Below is a block of entries; repeat all of it exactly but omit the pictures.

*** Records ***

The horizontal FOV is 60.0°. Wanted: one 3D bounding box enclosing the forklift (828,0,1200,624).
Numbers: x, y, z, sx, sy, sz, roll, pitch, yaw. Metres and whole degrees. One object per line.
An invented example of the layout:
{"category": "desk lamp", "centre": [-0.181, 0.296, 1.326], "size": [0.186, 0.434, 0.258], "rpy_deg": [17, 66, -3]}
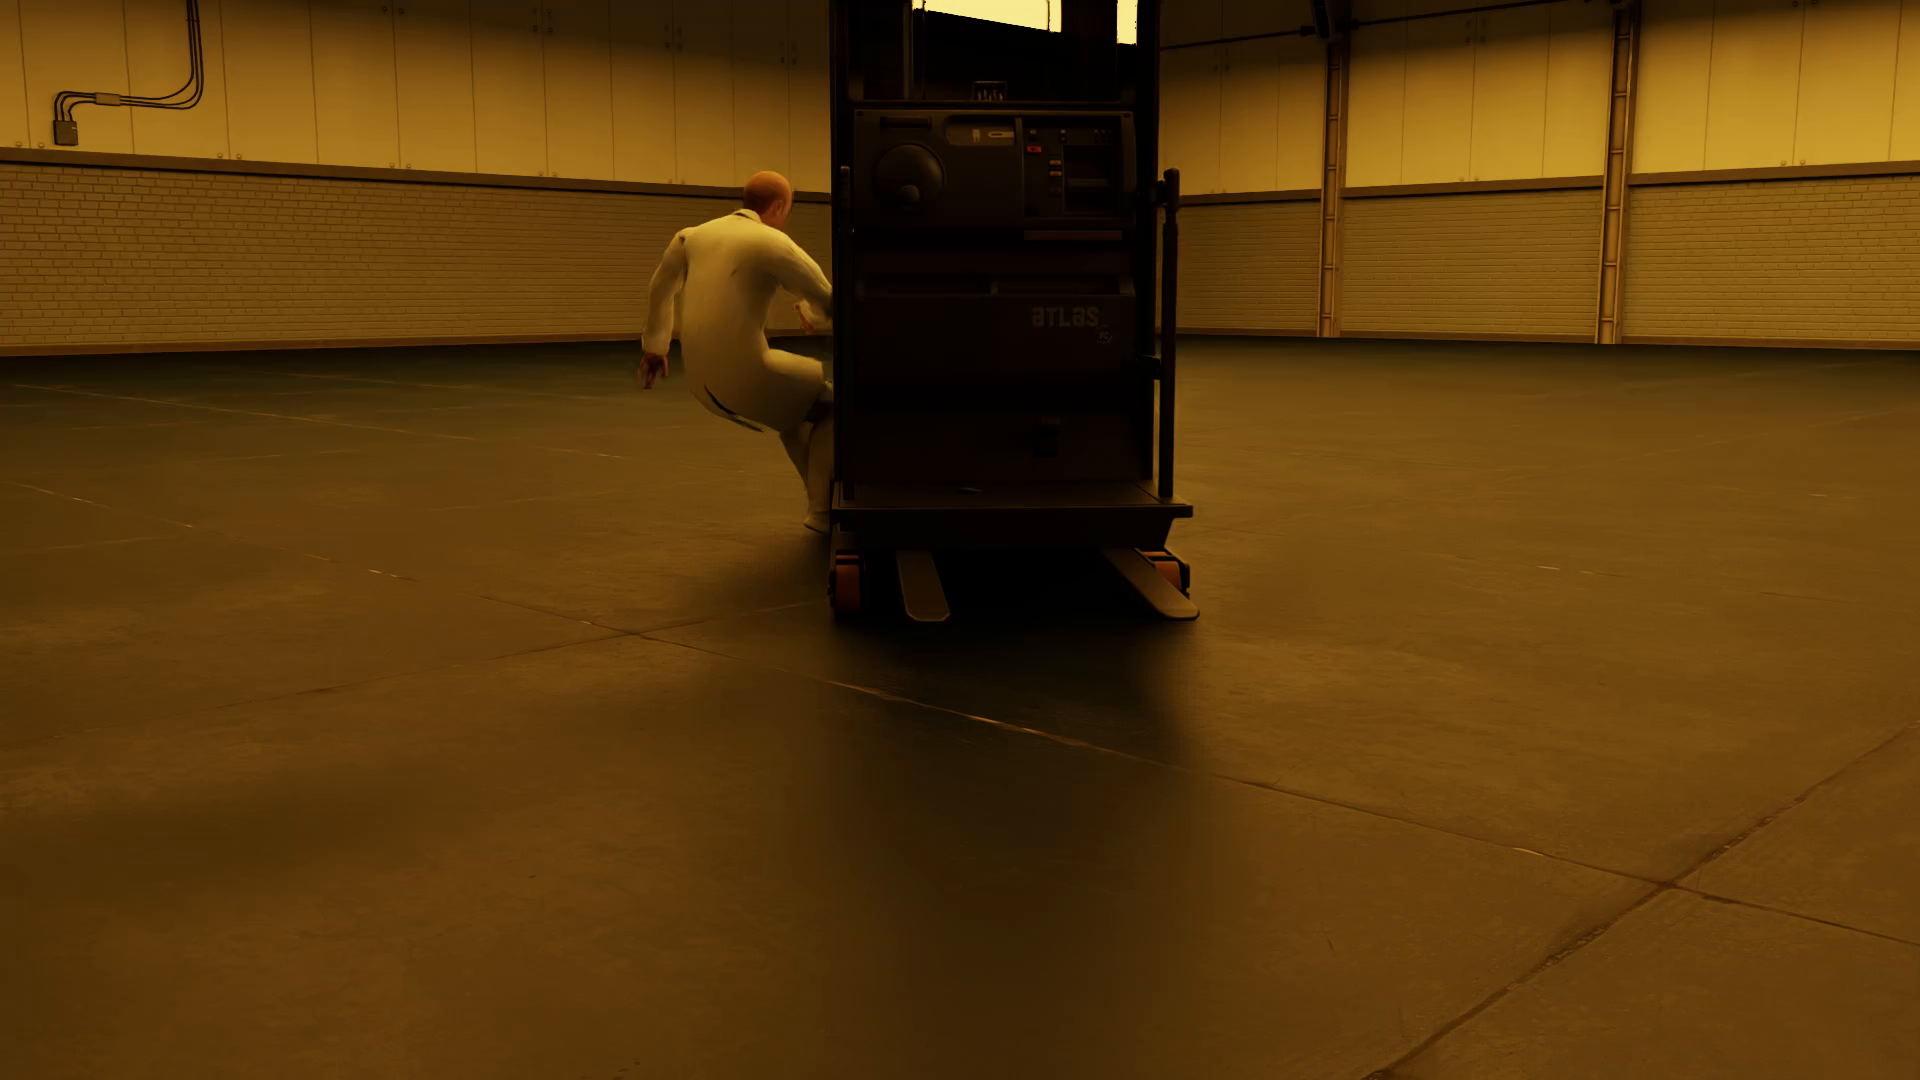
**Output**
{"category": "forklift", "centre": [0.131, -1.264, 5.267], "size": [1.130, 2.935, 3.031], "rpy_deg": [-1, 9, -4]}

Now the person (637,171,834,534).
{"category": "person", "centre": [-0.751, -0.748, 6.964], "size": [0.950, 1.539, 0.962], "rpy_deg": [7, 11, 40]}

*** End of Records ***

Answer to the exercise:
The horizontal FOV is 60.0°. Wanted: one 3D bounding box enclosing the forklift (828,0,1200,624).
Numbers: x, y, z, sx, sy, sz, roll, pitch, yaw. Metres and whole degrees. One object per line.
An invented example of the layout:
{"category": "desk lamp", "centre": [-0.181, 0.296, 1.326], "size": [0.186, 0.434, 0.258], "rpy_deg": [17, 66, -3]}
**Output**
{"category": "forklift", "centre": [0.131, -1.264, 5.267], "size": [1.130, 2.935, 3.031], "rpy_deg": [-1, 9, -4]}

Now the person (637,171,834,534).
{"category": "person", "centre": [-0.751, -0.748, 6.964], "size": [0.950, 1.539, 0.962], "rpy_deg": [7, 11, 40]}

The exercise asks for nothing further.